No Carnaval em todos os cantos o grito geral foi Fora Temer.
Desconfio que até quem bateu panela gritou, acostumados a ir na onda das modinhas.

Que grande sacanagem é essa invenção brasileira chamada banheiro de empregada. Já repararam que não tem pia? Será que empregadas não escovam os dentes nem lavam as mãos?
….
Não quero um livro que eu não consiga largar. Quero um livro que eu tenha vontade de voltar, algo a esperar durante os horas chatas do dia. Saber que sim, tenho que fazer isso e isso e isso, mas que depois, poderei deitar na minha cama e finalmente retomar a leitura, reencontrar os personagens, torcer, rir, chorar, morrer de raiva. Eu quero um livro que não se leia numa sentada, mas um que me acompanhe por dias, para atenuar a falta de imaginação da vida cotidana.
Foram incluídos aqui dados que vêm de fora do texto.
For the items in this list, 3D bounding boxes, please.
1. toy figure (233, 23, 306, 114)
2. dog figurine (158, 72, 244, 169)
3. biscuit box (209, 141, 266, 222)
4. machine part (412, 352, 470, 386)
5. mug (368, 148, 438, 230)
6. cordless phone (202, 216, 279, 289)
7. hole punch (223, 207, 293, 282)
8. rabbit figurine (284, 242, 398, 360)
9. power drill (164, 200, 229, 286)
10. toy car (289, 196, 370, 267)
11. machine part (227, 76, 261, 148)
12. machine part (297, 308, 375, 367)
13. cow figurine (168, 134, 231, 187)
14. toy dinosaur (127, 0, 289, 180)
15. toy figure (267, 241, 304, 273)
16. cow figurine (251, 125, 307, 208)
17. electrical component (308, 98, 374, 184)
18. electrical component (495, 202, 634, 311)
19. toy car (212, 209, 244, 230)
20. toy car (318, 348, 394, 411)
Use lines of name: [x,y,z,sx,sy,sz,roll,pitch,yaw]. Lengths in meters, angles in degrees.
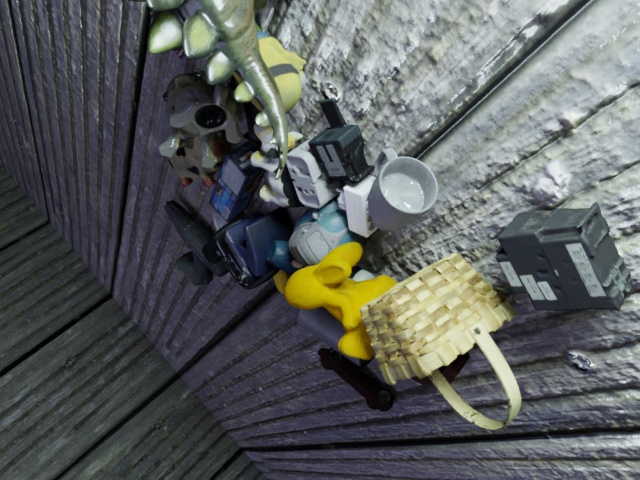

Não é lindo pensar que em algum lugar está alguém está abrindo pela primeira vez um livro que você ama?

Atualmente meu único projeto pessoal é pagar os boletos.

Estou faltando direto ao pilates. Mas vou me emendar. Vejo fotos no instagram de pessoas que fazem exercícios e fico pensando: quero ser como elas? Pessoas suadas, sorriso trincado, chapadas de endorfina com um olharzinho meio maníaco? Acho que não.

Como aguentar o tranco em 2017? Vou fazer uma lista de ações e aceito sugestões.